▶ _Records provided_
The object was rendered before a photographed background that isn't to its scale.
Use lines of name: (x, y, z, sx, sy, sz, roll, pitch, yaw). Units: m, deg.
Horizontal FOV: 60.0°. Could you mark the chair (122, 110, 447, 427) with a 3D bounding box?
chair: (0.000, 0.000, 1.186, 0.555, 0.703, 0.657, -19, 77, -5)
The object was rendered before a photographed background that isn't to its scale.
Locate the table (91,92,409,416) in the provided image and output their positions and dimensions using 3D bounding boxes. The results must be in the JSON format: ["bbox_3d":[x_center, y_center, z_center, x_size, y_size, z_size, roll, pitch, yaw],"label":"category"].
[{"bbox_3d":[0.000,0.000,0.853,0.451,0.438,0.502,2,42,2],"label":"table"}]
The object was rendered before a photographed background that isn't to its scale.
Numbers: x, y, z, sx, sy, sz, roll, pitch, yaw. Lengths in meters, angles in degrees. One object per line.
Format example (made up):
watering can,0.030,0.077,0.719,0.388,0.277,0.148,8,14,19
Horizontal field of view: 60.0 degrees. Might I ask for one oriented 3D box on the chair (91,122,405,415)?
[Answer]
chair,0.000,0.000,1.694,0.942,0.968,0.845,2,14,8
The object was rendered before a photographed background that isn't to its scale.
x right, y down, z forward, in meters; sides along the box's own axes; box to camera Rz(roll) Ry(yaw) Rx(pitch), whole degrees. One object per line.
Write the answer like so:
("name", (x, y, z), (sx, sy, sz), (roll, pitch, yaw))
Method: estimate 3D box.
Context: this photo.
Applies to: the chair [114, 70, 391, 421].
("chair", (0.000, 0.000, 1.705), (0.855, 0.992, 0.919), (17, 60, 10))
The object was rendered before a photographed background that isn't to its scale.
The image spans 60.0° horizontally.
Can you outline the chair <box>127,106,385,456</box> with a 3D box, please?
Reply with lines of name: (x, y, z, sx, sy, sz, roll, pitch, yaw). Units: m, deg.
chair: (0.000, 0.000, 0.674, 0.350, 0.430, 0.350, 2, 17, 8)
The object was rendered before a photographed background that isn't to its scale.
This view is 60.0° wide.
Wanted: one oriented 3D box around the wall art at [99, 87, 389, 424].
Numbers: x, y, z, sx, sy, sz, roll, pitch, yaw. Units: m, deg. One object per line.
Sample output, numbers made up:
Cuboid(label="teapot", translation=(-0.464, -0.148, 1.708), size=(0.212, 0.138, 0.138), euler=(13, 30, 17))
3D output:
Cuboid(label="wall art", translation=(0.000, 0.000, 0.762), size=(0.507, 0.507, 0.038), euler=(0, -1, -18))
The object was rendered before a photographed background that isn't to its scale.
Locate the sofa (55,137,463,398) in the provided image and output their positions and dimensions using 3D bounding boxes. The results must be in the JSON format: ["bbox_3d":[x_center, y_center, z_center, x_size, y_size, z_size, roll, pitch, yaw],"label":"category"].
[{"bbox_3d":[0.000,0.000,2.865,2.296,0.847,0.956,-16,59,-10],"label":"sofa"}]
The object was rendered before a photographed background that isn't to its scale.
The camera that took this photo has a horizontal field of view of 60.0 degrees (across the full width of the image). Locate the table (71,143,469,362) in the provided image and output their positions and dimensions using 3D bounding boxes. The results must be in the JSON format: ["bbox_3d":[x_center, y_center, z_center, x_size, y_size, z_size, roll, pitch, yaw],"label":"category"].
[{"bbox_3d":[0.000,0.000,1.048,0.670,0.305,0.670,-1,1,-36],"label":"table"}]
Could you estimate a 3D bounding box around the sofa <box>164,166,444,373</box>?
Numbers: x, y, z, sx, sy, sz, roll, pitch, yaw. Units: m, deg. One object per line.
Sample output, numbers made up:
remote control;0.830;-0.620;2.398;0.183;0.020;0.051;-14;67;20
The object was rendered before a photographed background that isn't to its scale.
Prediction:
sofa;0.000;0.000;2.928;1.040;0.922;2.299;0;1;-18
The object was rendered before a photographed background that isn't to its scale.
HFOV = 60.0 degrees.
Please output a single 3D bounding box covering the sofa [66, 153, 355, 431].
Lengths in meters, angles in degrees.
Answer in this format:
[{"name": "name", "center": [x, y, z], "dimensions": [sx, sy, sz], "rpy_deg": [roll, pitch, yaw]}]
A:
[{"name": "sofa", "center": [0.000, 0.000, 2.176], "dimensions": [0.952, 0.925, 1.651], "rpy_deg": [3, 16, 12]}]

▶ _What you should do_
Find the string "around" in the data. Report each line it appears in.

▶ _Exercise result_
Wanted: one oriented 3D box around the wall art at [99, 87, 389, 424].
Could you estimate a 3D bounding box around the sofa <box>164,166,444,373</box>?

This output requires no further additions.